*Aim of the task*
The lines to reproduce from the material below are those from the one containing "for p, q in" through the one containing "msp.add_lwpolyline([(21.5, 0.5), (21.5, 16.5)], dxfattribs=at)", both included; write them out exactly and add nothing.

*Records for this task*
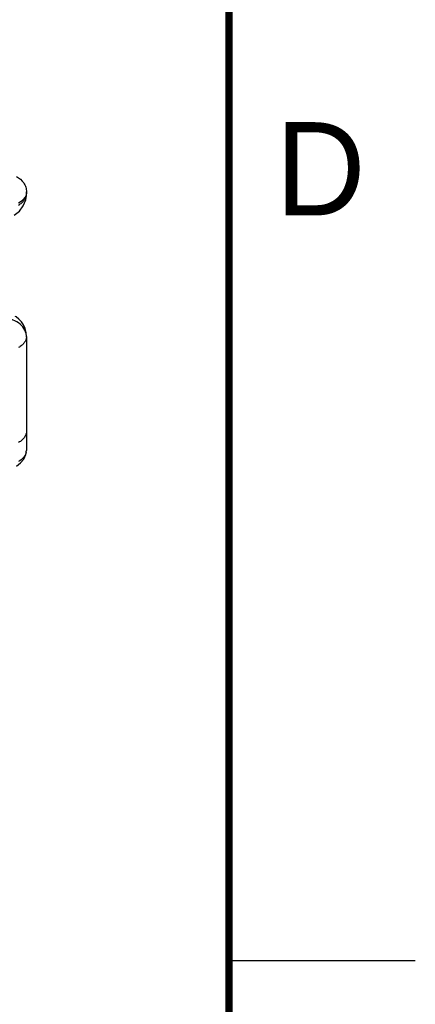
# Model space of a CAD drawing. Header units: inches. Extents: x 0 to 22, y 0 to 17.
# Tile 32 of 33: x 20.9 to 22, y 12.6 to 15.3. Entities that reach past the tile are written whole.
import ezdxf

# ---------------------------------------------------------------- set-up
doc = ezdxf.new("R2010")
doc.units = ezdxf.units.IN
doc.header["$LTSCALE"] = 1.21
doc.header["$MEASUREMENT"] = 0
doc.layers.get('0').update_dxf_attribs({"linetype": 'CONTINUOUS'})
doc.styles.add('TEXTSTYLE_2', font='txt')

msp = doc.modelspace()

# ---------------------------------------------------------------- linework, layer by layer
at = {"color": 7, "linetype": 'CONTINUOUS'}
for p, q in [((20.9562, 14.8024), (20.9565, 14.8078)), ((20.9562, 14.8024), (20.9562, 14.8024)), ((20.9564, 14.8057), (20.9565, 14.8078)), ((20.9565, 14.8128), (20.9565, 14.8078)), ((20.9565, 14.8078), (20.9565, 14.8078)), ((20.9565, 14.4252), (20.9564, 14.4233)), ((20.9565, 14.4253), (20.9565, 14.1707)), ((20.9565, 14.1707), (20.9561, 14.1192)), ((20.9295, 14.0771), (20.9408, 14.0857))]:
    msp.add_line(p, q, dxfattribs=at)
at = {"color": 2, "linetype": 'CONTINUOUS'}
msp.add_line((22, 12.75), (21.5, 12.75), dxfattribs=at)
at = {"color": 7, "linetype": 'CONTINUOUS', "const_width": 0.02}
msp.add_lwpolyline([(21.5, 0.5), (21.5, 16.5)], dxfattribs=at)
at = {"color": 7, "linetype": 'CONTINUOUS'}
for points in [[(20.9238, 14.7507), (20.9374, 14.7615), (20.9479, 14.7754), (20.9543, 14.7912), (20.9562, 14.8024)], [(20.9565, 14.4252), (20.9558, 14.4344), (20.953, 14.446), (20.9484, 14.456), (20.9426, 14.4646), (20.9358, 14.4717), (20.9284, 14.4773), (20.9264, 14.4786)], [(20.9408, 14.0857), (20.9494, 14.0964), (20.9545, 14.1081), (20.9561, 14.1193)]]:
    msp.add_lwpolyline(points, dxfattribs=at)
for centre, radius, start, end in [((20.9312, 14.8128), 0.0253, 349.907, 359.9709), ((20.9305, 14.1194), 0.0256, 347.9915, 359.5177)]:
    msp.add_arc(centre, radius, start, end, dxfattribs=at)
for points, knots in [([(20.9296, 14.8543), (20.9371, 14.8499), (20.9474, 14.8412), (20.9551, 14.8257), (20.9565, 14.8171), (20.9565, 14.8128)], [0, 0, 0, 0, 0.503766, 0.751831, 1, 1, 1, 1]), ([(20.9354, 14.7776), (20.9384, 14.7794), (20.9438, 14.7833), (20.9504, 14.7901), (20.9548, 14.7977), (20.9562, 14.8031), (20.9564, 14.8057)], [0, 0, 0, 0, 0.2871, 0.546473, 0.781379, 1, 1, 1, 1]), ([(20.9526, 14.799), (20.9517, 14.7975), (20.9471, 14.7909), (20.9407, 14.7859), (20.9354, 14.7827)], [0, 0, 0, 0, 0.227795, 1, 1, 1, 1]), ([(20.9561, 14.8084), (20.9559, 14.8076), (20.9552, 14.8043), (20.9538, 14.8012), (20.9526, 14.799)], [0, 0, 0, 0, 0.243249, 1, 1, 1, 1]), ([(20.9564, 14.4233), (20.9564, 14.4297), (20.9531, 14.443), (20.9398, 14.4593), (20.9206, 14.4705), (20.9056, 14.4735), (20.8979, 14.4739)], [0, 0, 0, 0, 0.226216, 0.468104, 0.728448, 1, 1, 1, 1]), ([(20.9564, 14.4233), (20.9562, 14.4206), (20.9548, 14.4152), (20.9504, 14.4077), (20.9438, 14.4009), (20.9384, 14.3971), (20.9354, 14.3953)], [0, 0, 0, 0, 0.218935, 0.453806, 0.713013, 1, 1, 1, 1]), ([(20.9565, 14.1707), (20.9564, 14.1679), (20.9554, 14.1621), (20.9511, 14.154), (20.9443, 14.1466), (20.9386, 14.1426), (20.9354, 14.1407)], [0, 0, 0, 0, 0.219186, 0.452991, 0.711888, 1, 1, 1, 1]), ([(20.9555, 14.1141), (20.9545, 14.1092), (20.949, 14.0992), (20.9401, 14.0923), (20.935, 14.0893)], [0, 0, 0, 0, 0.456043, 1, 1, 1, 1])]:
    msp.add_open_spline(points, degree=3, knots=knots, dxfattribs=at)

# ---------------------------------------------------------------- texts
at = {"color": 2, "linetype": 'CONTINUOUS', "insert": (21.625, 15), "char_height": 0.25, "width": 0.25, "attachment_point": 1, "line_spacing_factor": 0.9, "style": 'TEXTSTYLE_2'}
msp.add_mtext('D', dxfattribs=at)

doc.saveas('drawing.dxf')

*Solution below*
for p, q in [((20.9562, 14.8024), (20.9565, 14.8078)), ((20.9562, 14.8024), (20.9562, 14.8024)), ((20.9564, 14.8057), (20.9565, 14.8078)), ((20.9565, 14.8128), (20.9565, 14.8078)), ((20.9565, 14.8078), (20.9565, 14.8078)), ((20.9565, 14.4252), (20.9564, 14.4233)), ((20.9565, 14.4253), (20.9565, 14.1707)), ((20.9565, 14.1707), (20.9561, 14.1192)), ((20.9295, 14.0771), (20.9408, 14.0857))]:
    msp.add_line(p, q, dxfattribs=at)
at = {"color": 2, "linetype": 'CONTINUOUS'}
msp.add_line((22, 12.75), (21.5, 12.75), dxfattribs=at)
at = {"color": 7, "linetype": 'CONTINUOUS', "const_width": 0.02}
msp.add_lwpolyline([(21.5, 0.5), (21.5, 16.5)], dxfattribs=at)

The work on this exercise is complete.